These services are published, consumed, and combined with other applications over a shared services network, which is
often highly distributed within and across enterprise boundaries. Service-oriented development of distributed applications is
increasingly common as businesses seek to build and reuse services and service-based processes in new ways to
improve performance and gain competitive advantage. Gartner Group has coined the term service-oriented business
application (SOBA) to refer to a service-based approach to building distributed applications.
There are two basic entities in the development of SOBAs – service provider and service consumer. The service provider
offers services that the consumer uses and composes into a distributed application that solves a particular business
problem. Once the distributed application is established, it can in turn be offered as a service for another service consumer
to integrate.
When managing services, most businesses expect management functions to be performed at the service endpoints by a
provider that controls the platforms on which the services are hosted. Because a SOBA can be composed of highly
distributed and heterogeneous services from multiple providers, it is likely that many of the endpoints will be outside the
control of the consumer. Yet, service consumers must still apply governance principles to their distributed applications or
risk offering an unreliable and underperforming service to their business users.
To provide proper governance, the service consumer needs a way to apply its management policies and logic to the
services it consumes, regardless of the endpoints that provide them. Stakeholders across the enterprise need a unified, yet
simple, operational approach to service management that provides capabilities like:
- Support for large numbers of heterogeneous service interactions among services with diverse characteristics and
management policies
- Separation of business logic from management logic concerns
- Separation of governance responsibilities between developers and operational administrators
- Provide a view of service behavior in an end-to-end business context
- Ability to monitor and control service behavior at run-time
The only way to holistically manage autonomous, disparate, and highly distributed services is to employ a federated
approach to service management. Within a federated system, the behavioral aspects of services must be virtualized in a
unified manner from the standpoint of the applications consuming the services. This approach provides a service
consumer a standardized way of enforcing policies, best practices and other management logic at the composite business
service level, which is fully compatible with existing management logic at the service endpoint.

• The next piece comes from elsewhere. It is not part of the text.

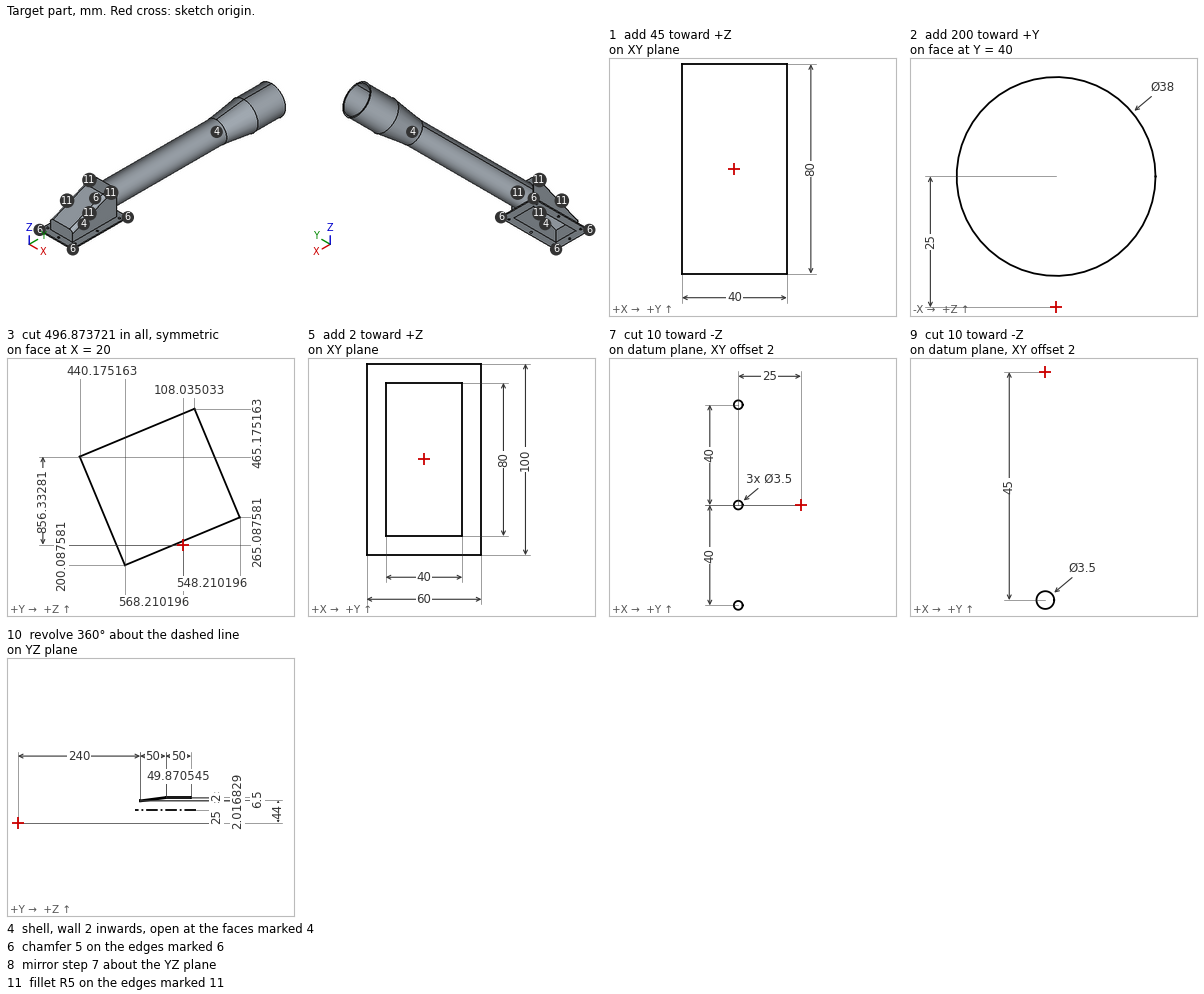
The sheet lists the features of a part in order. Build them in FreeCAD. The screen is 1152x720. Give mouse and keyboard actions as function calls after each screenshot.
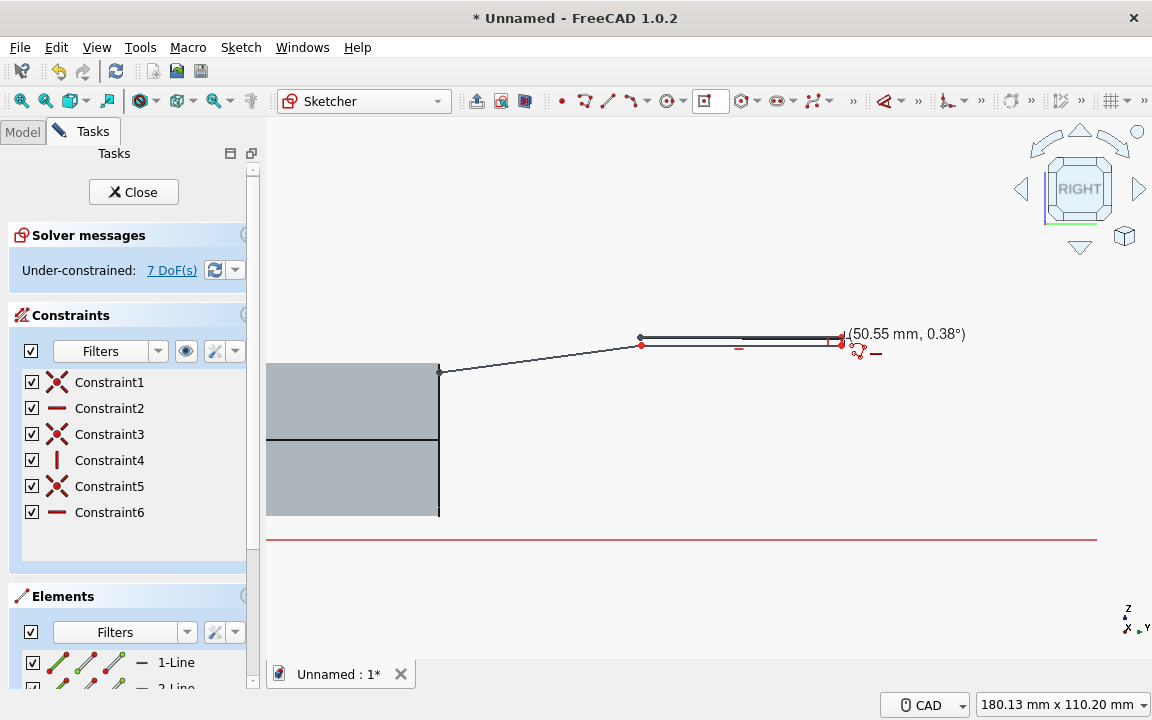
scroll(439, 363, up, 4)

Properly implemented, federated service management (FSM) provides a unified method for governance between
applications, services and devices across a heterogeneous network, which will enable developers to easily create solutions
for complex distributed environments. The end-to-end view provided by FSM allows service consumers and providers alike
to understand in real time the performance being delivered, and to take appropriate actions to rectify issues related to
service quality and SLA compliance.
Federated Service Management White Paper (PDF)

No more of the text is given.